FEB 05, 2019
Investigators compared refractive outcomes of topography-guided LASIK treatment based on anterior corneal astigmatism (ACA) versus manifest refractive astigmatism.
This retrospective analysis included 1,274 consecutive eyes with primary myopic astigmatism that underwent LASIK; 905 eyes had manifest refractive astigmatism axis treatments and 369 had Wavelight Contoura-measured ACA axis treatments (Alcon). The cohort was divided into those with a discrepancy of 5° to 20° (small-angle group) or 21° and 45° (large-angle group)
In the small-angle discrepancy group, the efficacy index of eyes treated on the refractive astigmatism and ACA axes were similar (0.98 vs. 0.97; P=0.84).
In the large-angle discrepancy group, the postoperative unilateral UDVA within the refractive astigmatism-treated group was superior compared with the ACA-treated group, resulting in a lower efficacy index and 15.3% more eyes that had a worse postop UDVA by 1 or more lines than preoperative CDVA. Refractive astigmatism results and cylinder vector analyses were also superior in the manifest refraction axis treatments, especially when the discrepancy in the axis was large.

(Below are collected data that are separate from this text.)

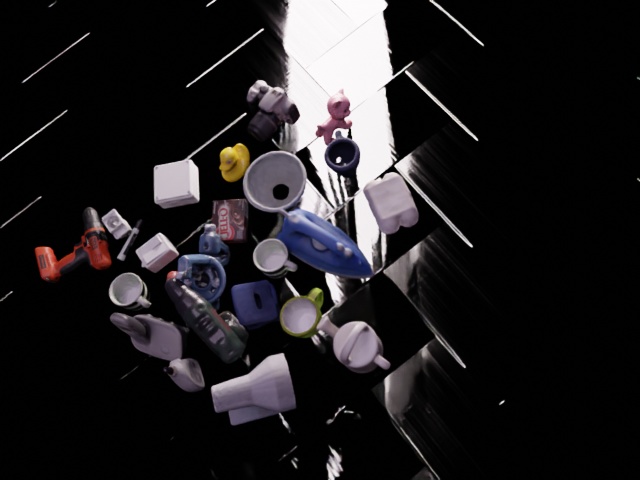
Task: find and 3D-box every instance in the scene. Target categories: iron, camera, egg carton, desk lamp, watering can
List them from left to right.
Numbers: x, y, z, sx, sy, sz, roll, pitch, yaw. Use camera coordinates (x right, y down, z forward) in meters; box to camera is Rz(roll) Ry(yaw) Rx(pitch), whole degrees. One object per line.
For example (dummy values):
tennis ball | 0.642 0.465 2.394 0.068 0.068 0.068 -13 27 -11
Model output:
desk lamp | -0.137 0.333 1.244 0.203 0.214 0.118 -18 69 5
camera | -0.148 -0.343 1.536 0.143 0.101 0.137 33 81 19
iron | 0.013 0.005 1.365 0.257 0.142 0.119 29 79 19
watering can | 0.072 0.228 1.249 0.172 0.194 0.101 8 73 14
egg carton | 0.174 -0.090 1.404 0.107 0.069 0.150 -23 69 3

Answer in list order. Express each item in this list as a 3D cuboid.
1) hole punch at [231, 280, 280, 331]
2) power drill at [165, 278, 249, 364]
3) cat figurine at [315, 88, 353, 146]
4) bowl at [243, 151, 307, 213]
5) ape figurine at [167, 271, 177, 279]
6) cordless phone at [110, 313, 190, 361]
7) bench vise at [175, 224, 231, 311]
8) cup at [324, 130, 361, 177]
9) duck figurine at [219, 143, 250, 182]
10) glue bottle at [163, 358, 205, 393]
hole punch | -0.152 0.151 1.375 0.101 0.091 0.108 -20 69 4
power drill | -0.247 0.193 1.316 0.075 0.209 0.229 -44 69 -5
cat figurine | 0.036 -0.324 1.484 0.067 0.118 0.128 40 83 21
bowl | -0.108 -0.139 1.473 0.167 0.075 0.167 -3 71 10
ape figurine | -0.351 0.103 1.430 0.078 0.092 0.076 -24 69 3
cordless phone | -0.402 0.222 1.349 0.147 0.185 0.094 11 74 15
bench vise | -0.294 0.057 1.365 0.121 0.220 0.207 -17 69 6
cup | 0.060 -0.211 1.454 0.091 0.095 0.117 -13 69 7
duck figurine | -0.233 -0.216 1.518 0.077 0.086 0.105 20 77 17
glue bottle | -0.317 0.305 1.311 0.037 0.173 0.078 -22 69 4

Eyes with naturally occurring irregular astigmatism and asymmetrical topographies on keratometric maps were not excluded
Though there is a small benefit in eyes treated based on the refractive astigmatism axis; the efficacy, accuracy and safety of topographic axis treatment is comparable when the axis discrepancy is between 5° and 20°. However, in eyes where the axis discrepancy was between 21° and 45°, topographic axis treatments showed statistically significant inferior outcomes, and a greater excimer laser retreatment rate.
These findings suggest that the measurement of exclusively anterior corneal astigmatism is not sufficient for refractive surgical procedures, confirming the role of other components of the optical system such as posterior corneal astigmatism. Though in cataract surgery there is 1 less variable of lenticular astigmatism, these findings can also be extrapolated to toric IOL positioning by considering a manifest refraction axis placement.